# Revolving Restaurants



## Marcanadian (May 7, 2005)

I ate there once. Its really expensive though. I think...8 people cost $700.


----------



## micro (Mar 13, 2005)

Many cities in Germany have similar looking TV towers with revolving restaurants. These are Stuttgart, Cologne and Hamburg:


----------



## musicqro (Nov 29, 2005)

The World Trade Center, México (The tallest wtc in the world since 2001) has in the 45th floor the Restaurant Bellini, 205 meters.


----------



## I-275westcoastfl (Feb 15, 2005)

Holiday Inn in St.Pete Beach, Florida 








The building might not be the best but the views are great right on the beach.


----------



## hella good (Jun 17, 2004)

The new york Marriott Marquis in times square has a revolving resturant at the very top and gives views over times square and most of midtown!


----------



## Obelixx (Apr 14, 2005)

Henninger Turm ( http://en.wikipedia.org/wiki/Henninger_Turm , http://en.structurae.de/structures/data/index.cfm?ID=s0011033 )in Frankfurt/Main, Germany has *two* revolving restaurants. But it is closed since 2002.

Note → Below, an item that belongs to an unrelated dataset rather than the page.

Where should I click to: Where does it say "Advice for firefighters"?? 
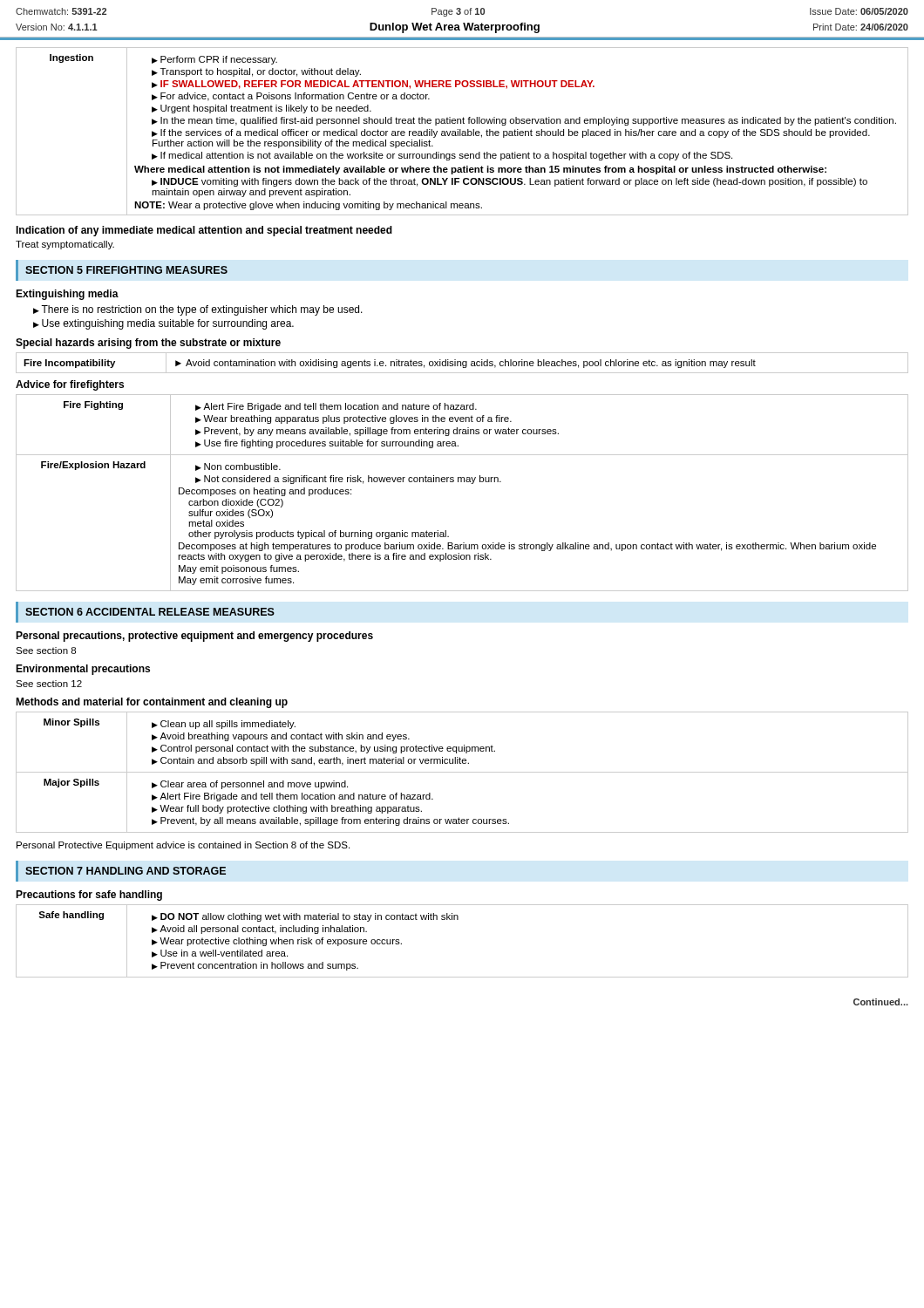70,385
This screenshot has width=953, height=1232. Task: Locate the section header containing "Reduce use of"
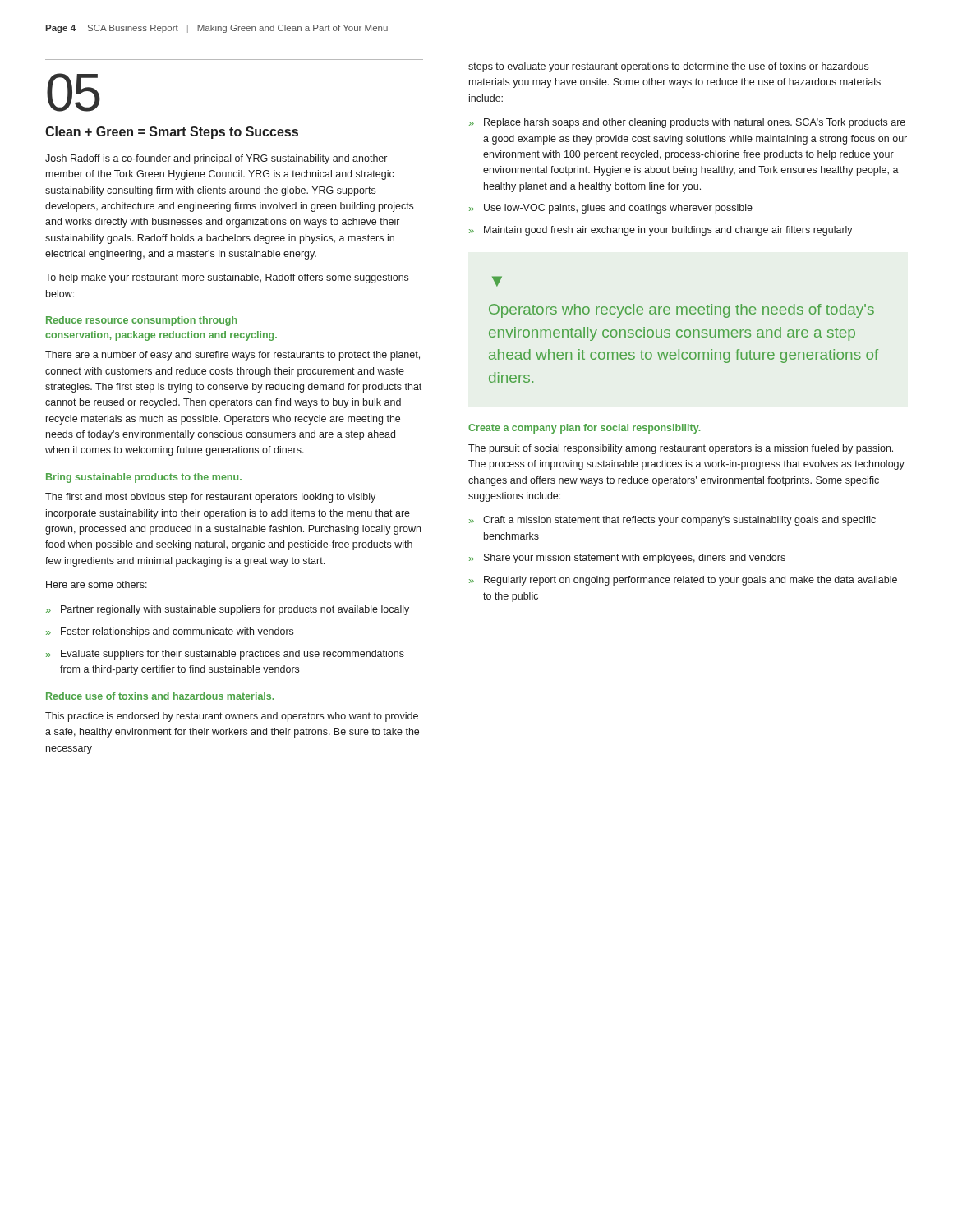click(x=160, y=696)

Henninger Turm, world's only silo with an observation deck


----------



## Obelixx (Apr 14, 2005)

@micro: the tower restaurant of the Stuttgart TV tower is not a revolving restaurant. But that of Florian, the TV tower in Dortmund is.









Florian, the TV tower Dortmund ( http://en.structurae.de/structures/data/index.cfm?id=s0011595 )


----------



## TalB (Jun 8, 2005)

The Marriott Marquis in Times Sq has a revolving resturaunt known as The Veiw, which is located on the top of it.


----------



## Marcanadian (May 7, 2005)

Sorry but that ^^ is one ugly building


----------



## steve1991 (Dec 10, 2005)

Is there one in the stratosphere tower in las vegas, i have been up the tower to go the ridess etc but i didnt actually go into the restaurant.










i do appologise for the picture quality, it is zoomed in on my phone


----------



## Þróndeimr (Jan 14, 2003)

Tyholttårnet (124m) in Trondheim, Norway has a revolving restaurant in the topp floor of the tower. One round takes exactly 60min, and your ably to see about 95% of the city of Trondheim from there.


----------



## micro (Mar 13, 2005)

Obelixx said:


> @micro: the tower restaurant of the Stuttgart TV tower is not a revolving restaurant.


Oops, not? I was sitting in there last year for a cake & tea and I thought it was revolving. But maybe my memories are wrong because I've been to several of those towers. At least I'm pretty sure the one in Mannheim was revolving.


----------



## Twipsy (Jun 3, 2003)

micro said:


> Many cities in Germany have similar looking TV towers with revolving restaurants. These are Stuttgart, Cologne and Hamburg:


The sad thing is, that the Cologne and Hamburg restaurants have closed a few years ago, as they have become too expensive for the "Deutsche Telekom", the owner of all the German TV towers. If the rotation is too expensive, maybe they should have opened it without the rotation. The views have been so nice. 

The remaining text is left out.